La consommation d’alcool baisse, notamment chez les jeunes, ce qui fragilise l’une des principales sources de financement du mouvement abertzale. Celui-ci doit s’adapter et réinventer son modèle de fête, faute de quoi il risque de perdre son indépendance.
Que se passera-t-il quand nous ne boirons plus ? Y aura-t-il à l’Aberri Eguna ou Herri Urrats des mètres linéaires de bar de kombucha ? Alors que la consommation d’alcool diminue aussi sûrement que le prix des matières premières augmente, c’est, au-delà d’un enjeu de santé publique, une vraie question stratégique pour l’indépendance du mouvement.
Patron, la bouteille est percée
La fête change. Et pour un mouvement dont le modèle économique s’est construit en toute indépendance grâce, notamment, à l’astucieux alliage du talo sec et de la bière fraîche, ne pas anticiper, c’est risquer de tituber. Bonne nouvelle pour notre espérance de vie (l’alcool est responsable de 41 000 décès par an) : la consommation d’alcool est en nette diminution. Depuis 30 ans, la part des adultes déclarant boire de l’alcool tous les jours a été divisée par trois. S’ils étaient 37% à affirmer ne pas consommer d’alcool chaque semaine, ils sont désormais 61%.
C’est aussi du côté de la jeunesse que des changements significatifs s’observent. L’Observatoire français des drogues et des tendances addictives a montré en 2022 un désintérêt croissant de la jeunesse pour l’alcool : un jeune de 17 ans sur cinq a déclaré ne jamais avoir bu d’alcool de sa vie (soit cinq points de plus qu’en 2017). La part des jeunes ayant consommé de l’alcool au moins une fois en un mois a diminué de 12% entre 2017 et 2022.
Que se passera-t-il quand nous ne boirons plus ?
Y aura-t-il à l’Aberri Eguna ou à Herri Urrats
des mètres linéaires de bar de kombucha ?
L’alcool en soirée perd la cote. Probable que son chapelet d’effets secondaires, des comportements agressifs en passant par l’augmentation des violences sexuelles et une certaine vision masculiniste de la fête, n’y est pas pour rien. Le dry january, défi consistant à ne pas boire d’alcool au mois de janvier, quant à lui, fait de plus en plus d’adeptes.
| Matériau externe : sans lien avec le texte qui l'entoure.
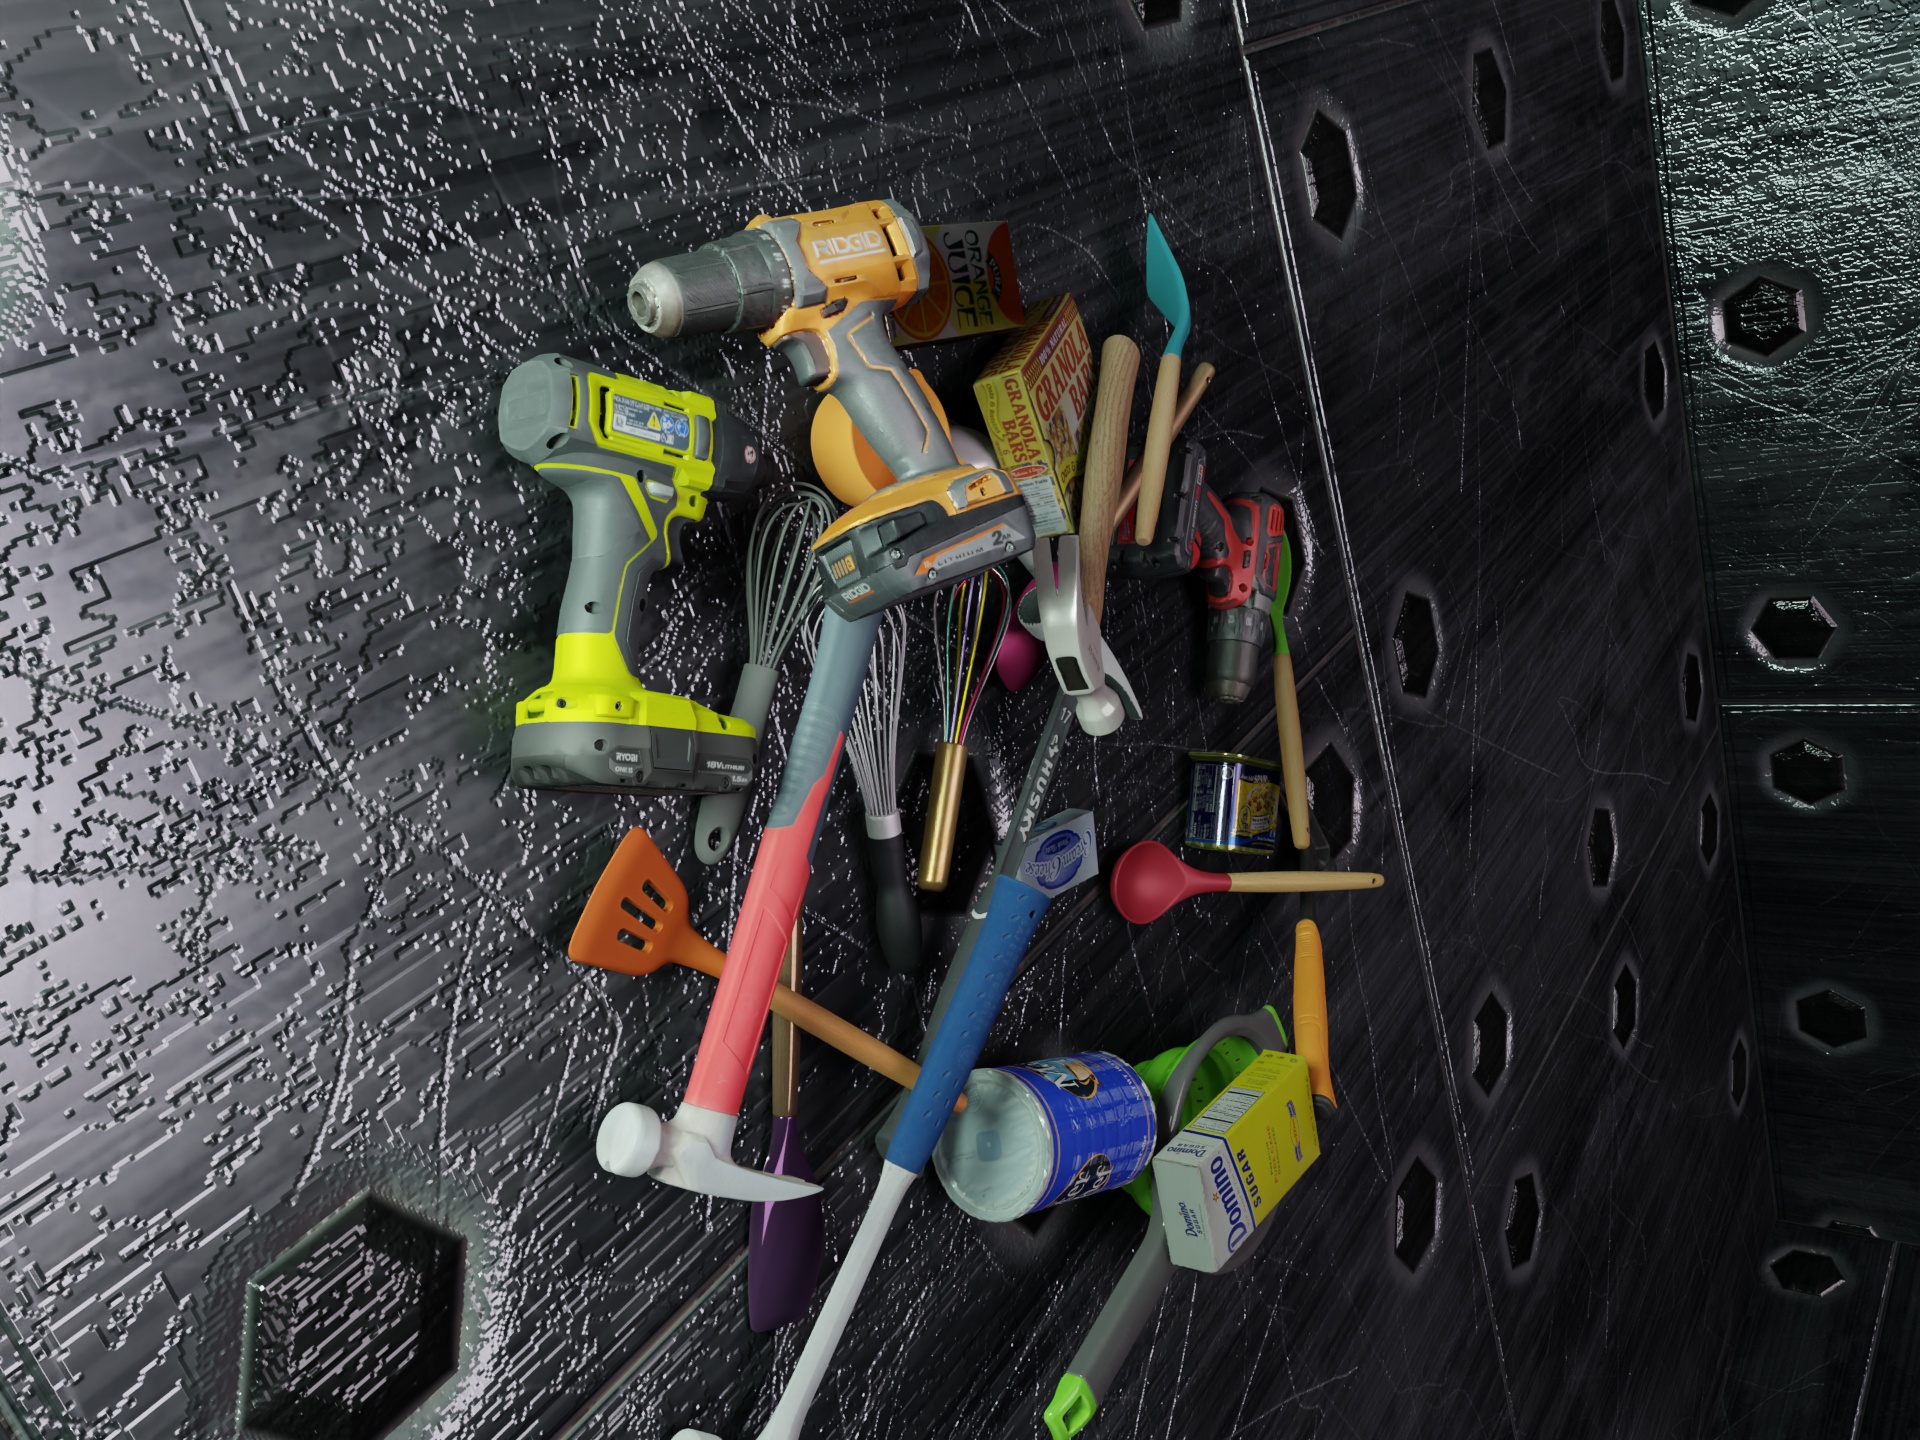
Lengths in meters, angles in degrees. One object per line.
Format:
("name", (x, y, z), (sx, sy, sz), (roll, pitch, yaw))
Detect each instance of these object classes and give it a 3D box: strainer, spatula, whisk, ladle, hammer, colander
("strainer", (0.039, -0.142, 1.163), (0.258, 0.050, 0.087), (46, 41, -45))
("spatula", (-0.101, 0.171, 0.959), (0.322, 0.041, 0.081), (38, 67, -33))
("whisk", (-0.055, 0.037, 1.034), (0.070, 0.070, 0.284), (-27, 115, -48))
("ladle", (0.249, 0.138, 1.365), (0.315, 0.031, 0.069), (3, 93, -32))
("hammer", (0.097, -0.157, 1.114), (0.129, 0.031, 0.332), (62, 30, -45))
("whisk", (-0.122, -0.030, 0.956), (0.055, 0.055, 0.239), (25, 75, -49))
("hammer", (0.029, 0.117, 1.116), (0.149, 0.036, 0.409), (39, 65, -46))
("hammer", (0.309, 0.206, 1.415), (0.127, 0.034, 0.337), (59, 27, -33))
("hammer", (-0.090, 0.081, 0.928), (0.143, 0.038, 0.386), (28, 72, -41))
("colander", (0.141, 0.382, 1.244), (0.397, 0.094, 0.204), (-46, 124, -41))
("hammer", (-0.038, 0.291, 0.993), (0.144, 0.035, 0.405), (34, 75, -38))
("whisk", (-0.002, -0.003, 1.100), (0.051, 0.047, 0.245), (21, 73, -44))
("spatula", (0.148, -0.257, 1.219), (0.082, 0.044, 0.318), (83, 16, -55))
("spatula", (-0.107, 0.220, 0.993), (0.059, 0.018, 0.316), (0, 91, -44))

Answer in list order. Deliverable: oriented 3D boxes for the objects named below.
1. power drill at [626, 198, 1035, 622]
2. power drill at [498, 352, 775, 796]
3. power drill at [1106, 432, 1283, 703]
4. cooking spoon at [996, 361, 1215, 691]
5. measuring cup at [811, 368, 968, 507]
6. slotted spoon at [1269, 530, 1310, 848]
("power drill", (-0.070, -0.173, 0.887), (0.185, 0.084, 0.226), (-23, 92, -37))
("power drill", (-0.169, -0.072, 0.871), (0.171, 0.080, 0.223), (8, 81, -50))
("power drill", (0.202, -0.126, 1.340), (0.226, 0.080, 0.188), (22, 73, -52))
("cooking spoon", (0.114, -0.154, 1.209), (0.319, 0.017, 0.068), (-57, 142, -19))
("measuring cup", (-0.027, -0.167, 1.057), (0.173, 0.052, 0.095), (24, 73, -44))
("slotted spoon", (0.290, -0.035, 1.430), (0.070, 0.031, 0.314), (27, 53, -48))

À bas le houblon, place au thé fermenté !
Qu’importe le flacon
Oui, mais voilà : le mouvement abertzale, qui a déployé une habileté exceptionnelle à développer ses projets malgré l’oppression qu’il subissait, s’est notamment appuyé sur les recettes tirées de l’événementiel. Organisation d’Herri Urrats pour financer les nouvelles infrastructures de Seaska, tenue quasi mensuelle d’événements populaires par les ikastola pour faire tourner leur modèle économique, en passant par toutes les fêtes de village aux gros événements de mobilisation de masse : la fête, et notamment le bar, est un substitut efficace à l’argent public.
Mais elle doit savoir se réinventer. Si la diminution de la consommation d’alcool va probablement dans le sens de l’histoire, le mouvement doit savoir s’y adapter, faute de voir son modèle économique – et donc son indépendance – fragilisés. La hausse des matières premières (que ce soit sur l’alcool, la nourriture ou l’énergie) ou les difficultés rencontrées par les artistes qui ont moins de souplesse pour faire des cachets militants, s’ajoutent à la tendance croissante à plus de sobriété. Pourtant, le risque de plus en plus réel d’arrivée du Rassemblement national au pouvoir, synonyme de coupes encore plus drastiques pour les associations, le secteur culturel ou l’euskara, nous impose d’entretenir et cultiver cette capacité d’auto-organisation et d’autonomie de financement.
Bière sans alcool à la tireuse, droits d’entrée quand cela s’y prête, concours de cuisine pour diminuer les coûts de restauration, mais aussi autres formes de mobilisation comme les vide-greniers, les kermesses ou les karaokés : c’est probablement de notre capacité de diversification que viendra la solution. Qu’importe le flacon, pourvu qu’on ait l’ivresse de la lutte.

Intéressant point de vue, et lire dans le même numéro celui d’Elise Dilet sur la consommation de viande nous amène à élargir le champ: viande et alcool sont aussi des marqueurs d’une certaine masculinité ostentatoire, qui à la fois prétend que manger moins de viande affaiblit le corps (ce qui serait tacitement acceptable pour une femme mais pas pour un homme), et qui valorise positivement chez un homme (mais plutôt négativement chez une femme) le fait de « tenir » l’alcool.
Je n’aurais rien contre des mètres linéaires de konbutxa (à condition qu’il soit local) à Herri Urrats, ni contre du houmous, de la crème de haricot Tolosa ou du piment Gernika frit dans le talo. Diversité agricole vaut mieux que normativité consommatrice.